За традиционным кофе Ильюхин отметил в короткой преамбуле тактичность журналиста, ни разу не побеспокоившего его за время, прошедшее с предыдущей встречи, и схематично обрисовал картину по расстрелу в лифте, пояснив, откуда ветер дует.
– О, как! – сказал Обнорский, почесав нос, когда Виталий Петрович закончил свой «доклад». – А какой же у этого Гамерника мотив-то все-таки? Я хоть и сам же тебе его назвал и хоть считаю мразью, но до конца не «догоняю». Это же он Юнгерова сливал, а не наоборот. Скорее, тут у Сашки мотив должен быть… Или Гамерник устал жить в ожидании мести с его стороны?
Ильюхин неопределенно пожал плечами:
– Ну, во-первых, ты прав: он Юнкерса боится… В этом я, еще когда Александр Сергеевич сидеть-с изволили, убедиться однажды смог… А во-вторых… Пересечений по бизнесу у них особых нет. Значит – прошлое. Если учесть объем дел и забот у Гамерника, то, что он эту кашу заварил, может означать лишь одно: ненависть. Которая, как и старая любовь, не ржавеет. Ненависть, замешанная на амбициях и комплексах, в которых никто детально разобраться не сможет. Да и не надо в них разбираться по большому счету.
– Как все просто, – вздохнул Обнорский. – Даже неинтересно.
Полковник улыбнулся:
– В кино в конце всех бы арестовали, а главный герой сначала захотел бы застрелить негодяя, но потом одумался бы и отдал его в руки Закона. Так?
– В голливудских фильмах так.
– А у тебя в книгах?
Обнорский понял, что Ильюхин его подкалывает, и улыбнулся в ответ:
– У меня в книгах по-другому. Ты почитай.
Виталий Петрович даже руками замахал:
– Андрей, ты не обижайся, но у меня правило – не читать хорошие детективы. Плохие я по понятным причинам в руки не беру, а хорошие… Я целыми днями такое говно читаю в своих бумагах, что люблю засыпать под фильмы типа «Чужие». Главное, что в них нет нашего мира. Там Чужие – метров по шесть в ширину – и они съедают весь звездный десант!

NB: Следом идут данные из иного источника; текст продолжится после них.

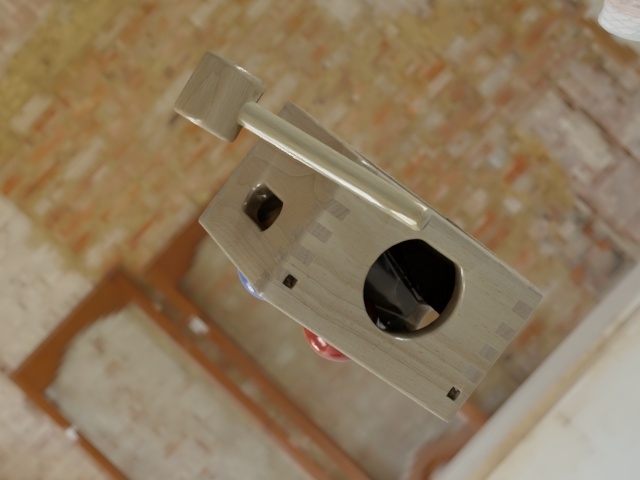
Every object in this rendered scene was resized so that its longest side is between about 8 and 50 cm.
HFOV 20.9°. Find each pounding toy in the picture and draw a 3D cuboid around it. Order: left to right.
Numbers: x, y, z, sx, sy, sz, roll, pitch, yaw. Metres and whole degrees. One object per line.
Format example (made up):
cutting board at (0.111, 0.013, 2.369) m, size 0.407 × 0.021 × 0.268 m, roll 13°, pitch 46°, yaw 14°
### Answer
pounding toy at (-0.002, 0.000, 0.850) m, size 0.094 × 0.206 × 0.181 m, roll -53°, pitch 24°, yaw 4°

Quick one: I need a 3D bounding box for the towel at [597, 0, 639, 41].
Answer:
towel at (0.342, -0.134, 1.130) m, size 0.317 × 0.331 × 0.053 m, roll -14°, pitch -61°, yaw -83°
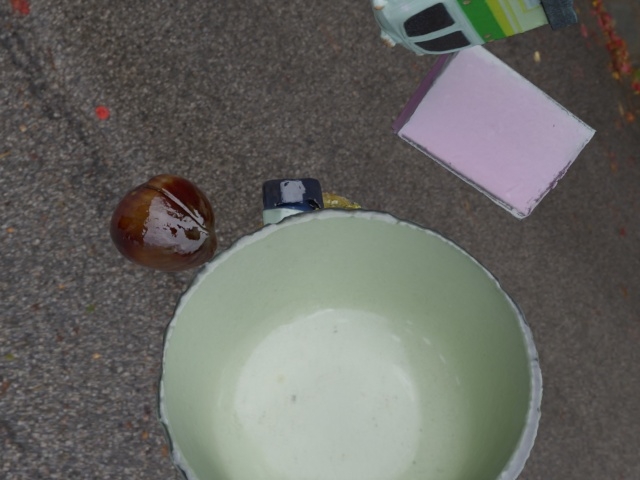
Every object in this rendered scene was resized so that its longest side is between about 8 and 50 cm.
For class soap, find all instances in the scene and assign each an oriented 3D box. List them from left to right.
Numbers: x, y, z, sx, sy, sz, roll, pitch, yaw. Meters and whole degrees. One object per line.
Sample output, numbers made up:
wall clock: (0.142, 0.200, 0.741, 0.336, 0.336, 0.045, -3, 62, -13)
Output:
soap: (0.262, -0.173, 1.049, 0.259, 0.181, 0.081, 31, 16, -13)

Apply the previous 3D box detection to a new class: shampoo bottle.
shampoo bottle: (-0.021, 0.087, 1.028, 0.134, 0.078, 0.360, -5, 89, -55)

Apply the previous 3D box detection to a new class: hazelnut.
hazelnut: (-0.319, -0.029, 1.416, 0.229, 0.229, 0.230, 16, 67, -45)

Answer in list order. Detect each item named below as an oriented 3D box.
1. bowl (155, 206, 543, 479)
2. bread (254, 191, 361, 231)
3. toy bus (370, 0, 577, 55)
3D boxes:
bowl: (0.016, 0.094, 0.409, 0.112, 0.211, 0.211, 89, 20, -52)
bread: (0.000, 0.000, 1.344, 0.246, 0.176, 0.195, -28, 58, -37)
toy bus: (0.102, -0.299, 0.550, 0.133, 0.164, 0.276, 15, 62, -62)
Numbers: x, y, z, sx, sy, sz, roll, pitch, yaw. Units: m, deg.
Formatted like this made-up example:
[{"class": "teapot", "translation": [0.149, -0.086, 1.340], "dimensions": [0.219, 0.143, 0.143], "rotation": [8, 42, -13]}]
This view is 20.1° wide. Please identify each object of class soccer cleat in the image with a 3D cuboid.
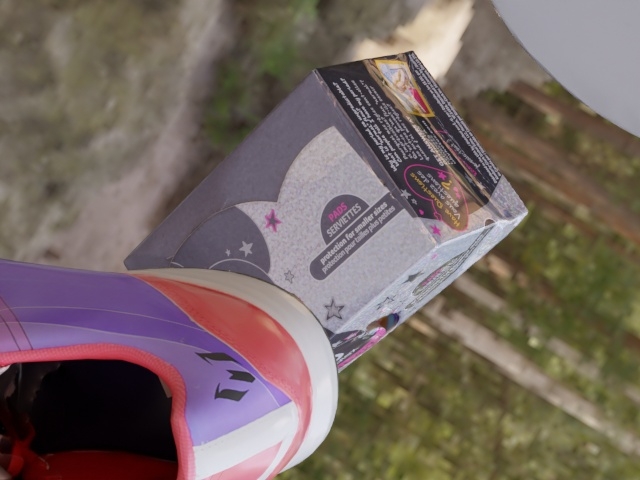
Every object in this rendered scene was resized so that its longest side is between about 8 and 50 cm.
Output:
[{"class": "soccer cleat", "translation": [-0.156, 0.056, 0.738], "dimensions": [0.116, 0.318, 0.108], "rotation": [-27, 118, -65]}]

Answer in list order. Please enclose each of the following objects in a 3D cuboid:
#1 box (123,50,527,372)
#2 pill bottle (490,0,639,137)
[{"class": "box", "translation": [0.000, 0.000, 1.353], "dimensions": [0.247, 0.163, 0.142], "rotation": [-42, 166, 35]}, {"class": "pill bottle", "translation": [0.250, -0.236, 0.827], "dimensions": [0.392, 0.224, 0.224], "rotation": [-55, 176, -20]}]

Чтоб я так жил!
Журналист засмеялся, а полковник начал его всерьез убеждать:
– Нет, я серьезно! Эти шестиметровые гады (некоторые еще и с ядовитой слюной, между прочим!) мне намного милее ублюдка из соседнего двора, который за тот же видик свою соседку двадцать раз по голове утюгом бьет. Вот этим Чужим таких вот «своих» показать – они из своей Галактики вонючей носа бы сюда не показывали!
Они похохотали еще по поводу фильмов и сериалов «про мафии», поржали, а потом Обнорский сказал уже серьезно и почти без вопросительной интонации:
– Если я спрошу – можно ли рассказать об услышанном Сашке, то ты скажешь, что он всех перебьет.

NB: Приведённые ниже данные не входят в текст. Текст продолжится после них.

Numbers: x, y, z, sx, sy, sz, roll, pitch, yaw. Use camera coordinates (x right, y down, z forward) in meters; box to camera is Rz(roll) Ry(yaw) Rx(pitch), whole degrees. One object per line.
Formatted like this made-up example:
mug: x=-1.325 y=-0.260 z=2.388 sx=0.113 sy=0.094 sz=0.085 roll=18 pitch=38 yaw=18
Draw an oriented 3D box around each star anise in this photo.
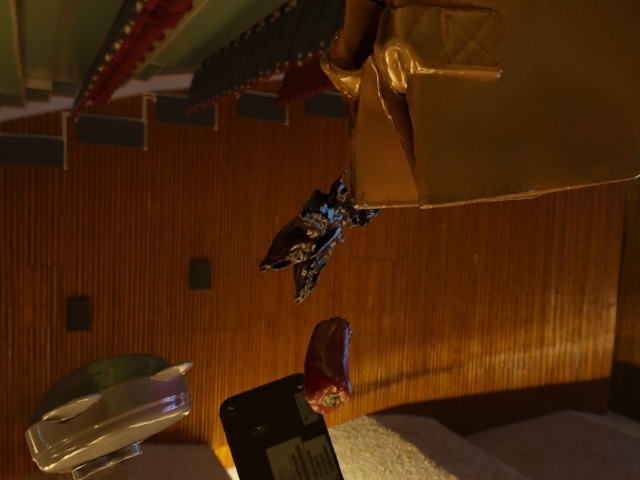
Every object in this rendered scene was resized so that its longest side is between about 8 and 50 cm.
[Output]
star anise: x=-0.003 y=-0.002 z=0.622 sx=0.053 sy=0.157 sz=0.212 roll=40 pitch=-174 yaw=16

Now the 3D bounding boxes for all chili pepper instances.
chili pepper: x=0.012 y=0.169 z=0.750 sx=0.070 sy=0.073 sz=0.123 roll=27 pitch=-143 yaw=-13

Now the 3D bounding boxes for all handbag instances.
handbag: x=0.124 y=-0.228 z=0.441 sx=0.283 sy=0.401 sz=0.133 roll=-8 pitch=-176 yaw=-34

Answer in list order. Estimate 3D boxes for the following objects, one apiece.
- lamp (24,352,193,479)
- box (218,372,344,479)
lamp: x=-0.253 y=0.203 z=0.661 sx=0.179 sy=0.108 sz=0.246 roll=-9 pitch=153 yaw=-36
box: x=-0.070 y=0.476 z=1.181 sx=0.211 sy=0.350 sz=0.058 roll=-18 pitch=173 yaw=-11
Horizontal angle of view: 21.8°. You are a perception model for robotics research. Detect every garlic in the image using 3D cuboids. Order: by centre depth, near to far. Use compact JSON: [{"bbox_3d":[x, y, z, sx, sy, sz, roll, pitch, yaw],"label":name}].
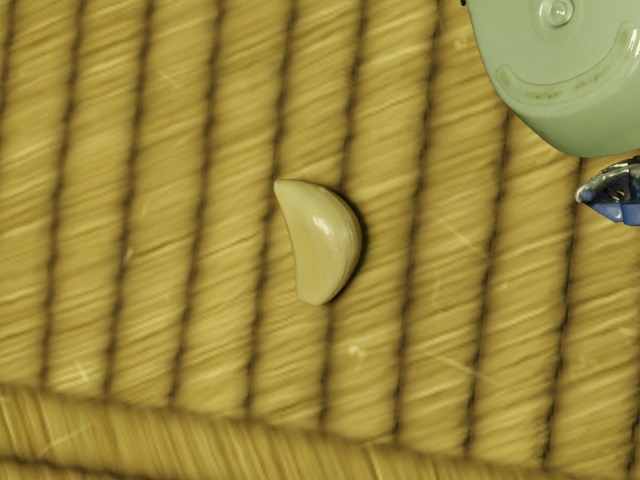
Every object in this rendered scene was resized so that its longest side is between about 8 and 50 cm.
[{"bbox_3d":[0.000,0.000,1.059,0.053,0.041,0.083,-5,96,21],"label":"garlic"}]

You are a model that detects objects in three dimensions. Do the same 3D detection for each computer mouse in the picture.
[{"bbox_3d":[0.159,-0.193,0.978,0.159,0.097,0.288,-17,77,49],"label":"computer mouse"}]

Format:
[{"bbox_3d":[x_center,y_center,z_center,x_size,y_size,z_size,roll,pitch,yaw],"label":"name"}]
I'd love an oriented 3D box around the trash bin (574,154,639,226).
[{"bbox_3d":[0.249,0.053,0.932,0.184,0.162,0.234,-6,95,15],"label":"trash bin"}]
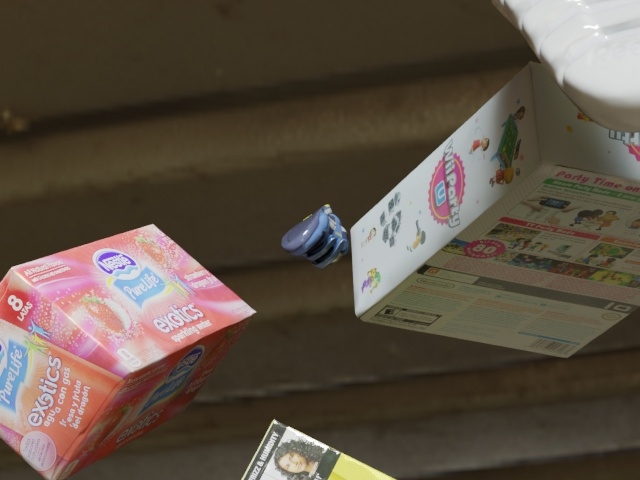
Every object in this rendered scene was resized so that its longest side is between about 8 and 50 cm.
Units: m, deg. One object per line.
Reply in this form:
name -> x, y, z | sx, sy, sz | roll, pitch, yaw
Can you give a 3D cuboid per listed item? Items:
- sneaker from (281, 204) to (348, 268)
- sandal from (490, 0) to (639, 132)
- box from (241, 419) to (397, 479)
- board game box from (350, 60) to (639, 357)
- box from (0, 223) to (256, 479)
sneaker -> 0.000, 0.000, 1.908 | 0.053, 0.059, 0.144 | -33, 0, 17
sandal -> 0.178, -0.199, 1.178 | 0.169, 0.416, 0.102 | -22, -48, 15
box -> 0.048, 0.232, 1.385 | 0.232, 0.087, 0.058 | 26, -13, 13
board game box -> 0.193, -0.015, 1.485 | 0.224, 0.098, 0.303 | 11, -30, -25
box -> -0.206, 0.098, 1.687 | 0.142, 0.154, 0.300 | -54, -12, 18
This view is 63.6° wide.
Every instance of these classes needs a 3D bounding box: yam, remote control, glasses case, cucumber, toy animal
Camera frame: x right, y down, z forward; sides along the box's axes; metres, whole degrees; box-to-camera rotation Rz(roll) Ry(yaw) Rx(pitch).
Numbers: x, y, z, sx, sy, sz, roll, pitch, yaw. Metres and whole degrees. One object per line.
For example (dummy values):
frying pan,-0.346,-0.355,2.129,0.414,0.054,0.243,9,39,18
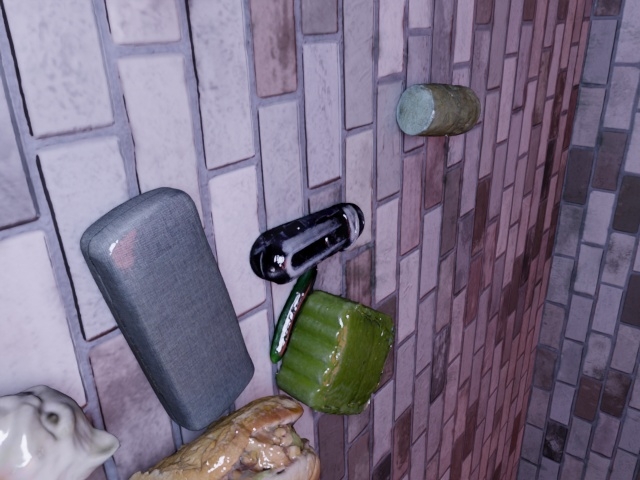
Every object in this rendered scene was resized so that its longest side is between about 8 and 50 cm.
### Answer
yam,0.228,-0.255,1.012,0.194,0.107,0.107,-16,115,-48
remote control,0.000,0.000,0.844,0.266,0.066,0.090,-25,126,-45
glasses case,-0.176,0.096,0.645,0.131,0.074,0.323,-40,132,-35
cucumber,-0.046,0.115,0.859,0.036,0.033,0.184,31,76,-34
toy animal,-0.248,0.280,0.457,0.188,0.307,0.266,-12,117,-65

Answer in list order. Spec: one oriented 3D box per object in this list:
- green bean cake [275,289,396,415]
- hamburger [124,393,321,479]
green bean cake,0.034,0.205,0.930,0.214,0.113,0.200,25,82,-54
hamburger,-0.122,0.308,0.680,0.243,0.286,0.146,-20,80,-14
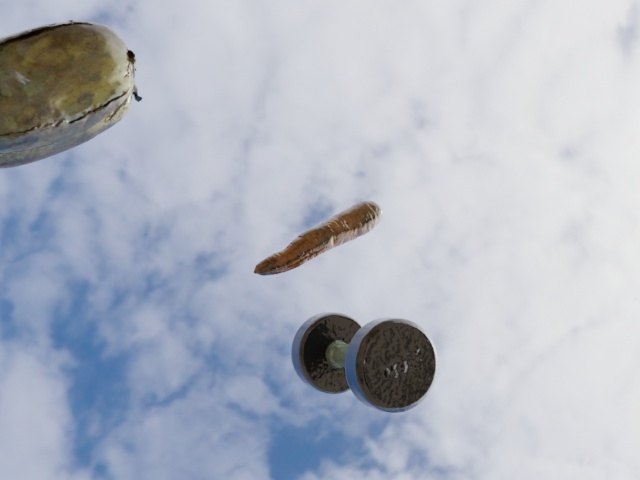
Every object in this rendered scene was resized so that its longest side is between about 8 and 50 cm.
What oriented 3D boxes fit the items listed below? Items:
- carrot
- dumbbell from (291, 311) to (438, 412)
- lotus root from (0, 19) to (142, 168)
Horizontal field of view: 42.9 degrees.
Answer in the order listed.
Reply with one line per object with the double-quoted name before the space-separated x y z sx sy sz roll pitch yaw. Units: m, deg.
"carrot" 0.000 -0.001 0.875 0.165 0.036 0.036 -27 -107 -24
"dumbbell" 0.044 0.134 0.925 0.100 0.191 0.100 1 -93 -23
"lotus root" -0.381 -0.192 1.084 0.152 0.275 0.160 -21 -84 60

Прежде чем ответить, Ильюхин закурил и несколько раз подряд затянулся:
– Нет, я так не скажу. Юнгеров вышел уже из этого возраста, чтобы по-бандитски всех перебить. Поэтому перебьет всех Крылов под видом государственной справедливости. Но стрелки, даже если и расскажут, что и почем, то все это будет юридически несостоятельно, так как мясо в изоляторе не примут. А Гамерника метелить в кабинете на Литейном – это не потянет даже Крылов при всей его лихости… Поэтому давай уж так, как мы с тобой пораньше договорились: операцию буду делать я и так, как меня учили. Поверь, мне все равно, кто больной. Работать я буду на совесть. А ты будешь «подносить патроны» так, как я тебе скажу. Идет?